For the above reasons, local jurisdiction of the lower court [i.e., venue] must be affirmed in the present case, in the alternative, a relating procedure of taking evidence is still to be performed (exhibit 2, p. 10).
c) The CISG, being the applicable lex causae in the present case, provides in Art. 31 where the seller has to deliver for the purposes of a proper performance (place of delivery) and what the seller has to do in order to deliver the goods (meaning of the duty to deliver). Thereby, contrary to its wording, Art. 31 CISG does not determine the place where the duty to perform arises [Erfolgsort] or the destination of the goods, but rather the place of performance that is relevant to determine the jurisdiction, [i.e.,] where the seller must perform the acts of performance [Leistungshandlung]. The place of delivery under Art. 31 CISG is also regulated parallel to the passing of the price risk, and, according to prevailing theory and jurisprudence, it is relevant to international jurisdiction under the Lugano Convention [*] and the IPRG [*] (Brunner, UN-Kaufrecht - CISG, Bern 2004, Art. 31 nos. 1 and 15; Honsell-Karollus, Kommentar zum UN-Kaufrecht, Berlin etc. 1997, no. 43 on Art. 31). Yet, the places of delivery regulated by the law under Art. 31(a)-(c) CISG are only subsidiary, [i.e., they apply] when the seller is not obligated to deliver to a specific place (first sentence of Art. 31 CISG). Thereupon, a place of performance relevant for international jurisdiction can also be determined based on an agreement on the place of delivery under the first sentence (Schraner, Zrcher Kommentar, Obligationenrecht, Art. 74 no. 42).
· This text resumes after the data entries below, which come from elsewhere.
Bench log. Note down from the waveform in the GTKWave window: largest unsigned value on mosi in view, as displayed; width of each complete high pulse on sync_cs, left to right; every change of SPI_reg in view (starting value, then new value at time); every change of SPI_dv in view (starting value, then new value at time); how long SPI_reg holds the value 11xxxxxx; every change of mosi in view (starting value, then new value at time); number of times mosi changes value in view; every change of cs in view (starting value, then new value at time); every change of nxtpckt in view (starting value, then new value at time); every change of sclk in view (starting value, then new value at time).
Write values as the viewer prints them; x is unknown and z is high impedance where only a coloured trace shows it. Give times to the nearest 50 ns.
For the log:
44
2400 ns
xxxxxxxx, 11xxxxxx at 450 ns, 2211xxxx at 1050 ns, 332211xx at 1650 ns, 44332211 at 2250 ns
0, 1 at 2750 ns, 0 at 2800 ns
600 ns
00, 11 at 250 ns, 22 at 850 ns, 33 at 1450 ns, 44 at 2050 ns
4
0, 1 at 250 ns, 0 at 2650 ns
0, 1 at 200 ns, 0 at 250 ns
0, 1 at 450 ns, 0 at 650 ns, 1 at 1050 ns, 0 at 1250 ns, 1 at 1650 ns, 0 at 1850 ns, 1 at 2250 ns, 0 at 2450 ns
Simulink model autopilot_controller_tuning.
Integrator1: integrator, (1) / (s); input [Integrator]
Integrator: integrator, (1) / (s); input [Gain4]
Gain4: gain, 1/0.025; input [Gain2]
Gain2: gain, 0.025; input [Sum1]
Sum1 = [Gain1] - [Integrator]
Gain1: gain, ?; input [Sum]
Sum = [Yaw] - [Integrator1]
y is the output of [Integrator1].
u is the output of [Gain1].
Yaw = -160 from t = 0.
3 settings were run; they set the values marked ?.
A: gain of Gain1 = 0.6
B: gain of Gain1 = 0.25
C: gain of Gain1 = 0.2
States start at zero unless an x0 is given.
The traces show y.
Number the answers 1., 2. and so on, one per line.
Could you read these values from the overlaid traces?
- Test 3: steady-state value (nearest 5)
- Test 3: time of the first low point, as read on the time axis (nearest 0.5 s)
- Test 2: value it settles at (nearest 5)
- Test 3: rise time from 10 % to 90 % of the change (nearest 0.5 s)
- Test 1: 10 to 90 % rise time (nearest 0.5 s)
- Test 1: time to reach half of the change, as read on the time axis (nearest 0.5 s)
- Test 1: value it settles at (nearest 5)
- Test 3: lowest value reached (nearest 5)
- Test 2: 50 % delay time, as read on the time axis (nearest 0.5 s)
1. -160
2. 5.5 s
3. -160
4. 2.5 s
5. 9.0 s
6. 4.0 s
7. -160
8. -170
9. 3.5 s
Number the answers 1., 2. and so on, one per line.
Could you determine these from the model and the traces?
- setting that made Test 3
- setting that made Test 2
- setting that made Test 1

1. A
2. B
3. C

Interpretation of the contract is necessary in order to determine whether the parties in the present case intended to set a place of performance relevant to international jurisdiction as well when they undisputedly agreed upon the place of delivery being [Buyer]'s warehouse in D___ [Switzerland]. The interpretation cannot be based solely on the text, and in particular, it cannot be the starting point that the legal notions of the place of delivery and the place of performance are correctly kept apart in everyday language and business language. Rather, the presumed intent of the parties must be established based on the principle of good faith. As the lower court pointed out correctly, there are no formal requirements regarding an agreement on the place of delivery that is relevant to jurisdiction; therefore, in the present case the express as well as the implied intent of the parties is relevant. This is how, in certain circumstances, a place of performance relevant to jurisdiction may also be determined by way of a provision setting forth the place of delivery, depending on whether the parties wanted to agree upon a Bringschuld, or a so-called Schickschuld or Versendungsschuld [the place of performance is the debtor's place of business but the act of performance takes place at the creditor's place of business] (Brunner, UN-Kaufrecht - CISG, Bern 2004, Art. 31 no. 15; Schraner, Zürcher Kommentar, Obligationenrecht, Art. 74 no. 42). [Buyer] actually argued a situation which could possibly be qualified as an agreement on the place of performance.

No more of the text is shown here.